Material supplied:

- Opening Delimiter -

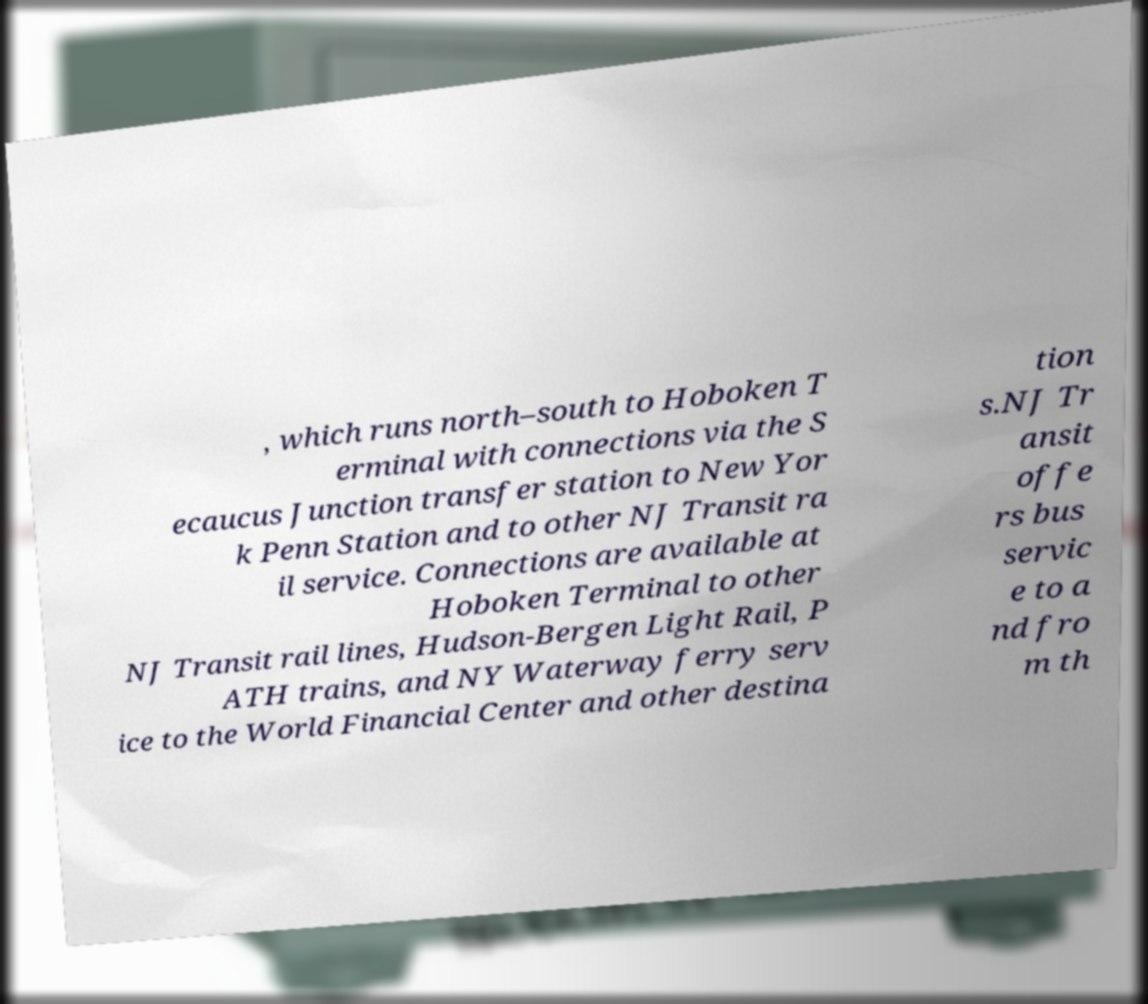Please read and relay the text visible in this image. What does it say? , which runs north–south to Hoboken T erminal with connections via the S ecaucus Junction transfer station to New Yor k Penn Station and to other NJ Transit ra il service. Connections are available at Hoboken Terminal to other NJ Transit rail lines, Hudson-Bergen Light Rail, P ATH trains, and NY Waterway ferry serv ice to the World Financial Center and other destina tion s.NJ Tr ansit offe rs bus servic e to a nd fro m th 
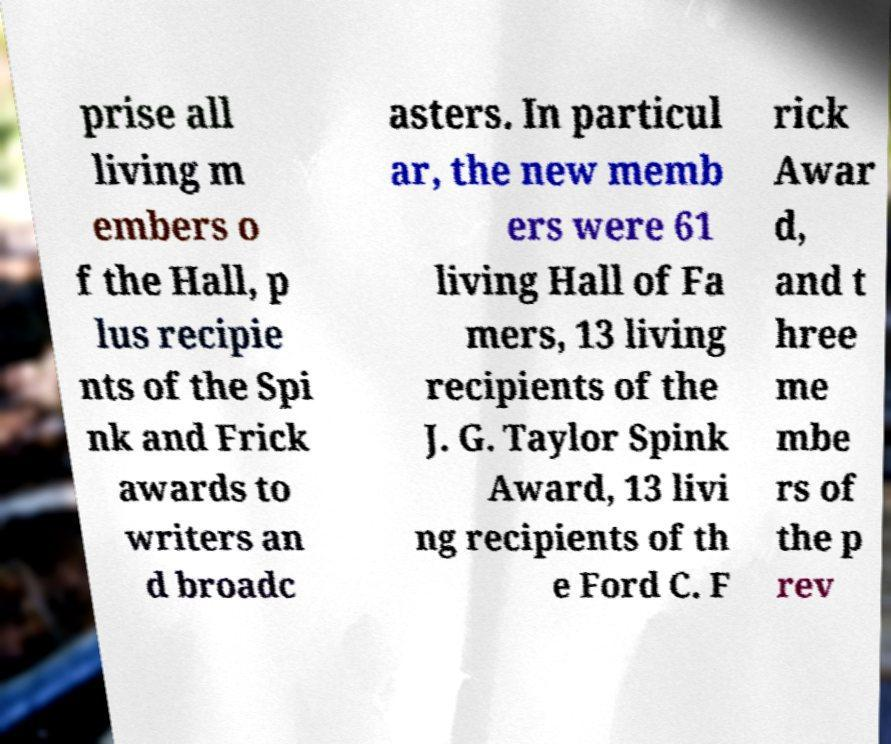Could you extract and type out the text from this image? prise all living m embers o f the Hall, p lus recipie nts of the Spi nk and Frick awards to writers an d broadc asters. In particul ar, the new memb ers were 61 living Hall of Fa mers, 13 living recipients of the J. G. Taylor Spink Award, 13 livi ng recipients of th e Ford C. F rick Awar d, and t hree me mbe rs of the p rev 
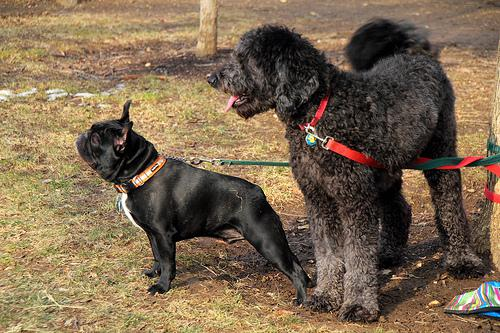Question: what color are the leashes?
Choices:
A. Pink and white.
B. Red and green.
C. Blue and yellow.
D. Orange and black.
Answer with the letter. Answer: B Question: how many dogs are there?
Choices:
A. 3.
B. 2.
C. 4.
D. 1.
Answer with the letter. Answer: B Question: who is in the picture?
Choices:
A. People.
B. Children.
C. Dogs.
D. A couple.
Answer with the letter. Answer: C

- Closing Delimiter -
- Opening Delimiter -

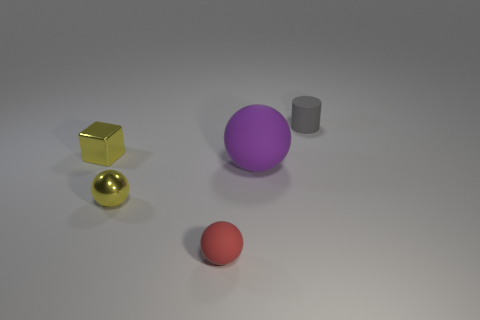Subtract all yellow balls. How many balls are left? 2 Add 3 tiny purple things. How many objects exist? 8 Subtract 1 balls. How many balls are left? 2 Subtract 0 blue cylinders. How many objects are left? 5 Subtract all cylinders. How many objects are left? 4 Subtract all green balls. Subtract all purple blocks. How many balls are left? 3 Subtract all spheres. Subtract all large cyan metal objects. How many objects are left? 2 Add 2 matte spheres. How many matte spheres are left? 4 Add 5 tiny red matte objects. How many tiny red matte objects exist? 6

- Closing Delimiter -
- Opening Delimiter -

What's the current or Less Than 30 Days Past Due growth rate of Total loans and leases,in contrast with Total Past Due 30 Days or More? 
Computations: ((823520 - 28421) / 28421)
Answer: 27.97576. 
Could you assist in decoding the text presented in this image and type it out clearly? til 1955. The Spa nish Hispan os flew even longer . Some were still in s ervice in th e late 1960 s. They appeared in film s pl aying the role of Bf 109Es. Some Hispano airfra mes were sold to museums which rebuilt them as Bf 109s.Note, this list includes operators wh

- Closing Delimiter -

Exercise instructions: Exactly how many lines of the records hold "letter"? Give the number without any words.

Written answer: 3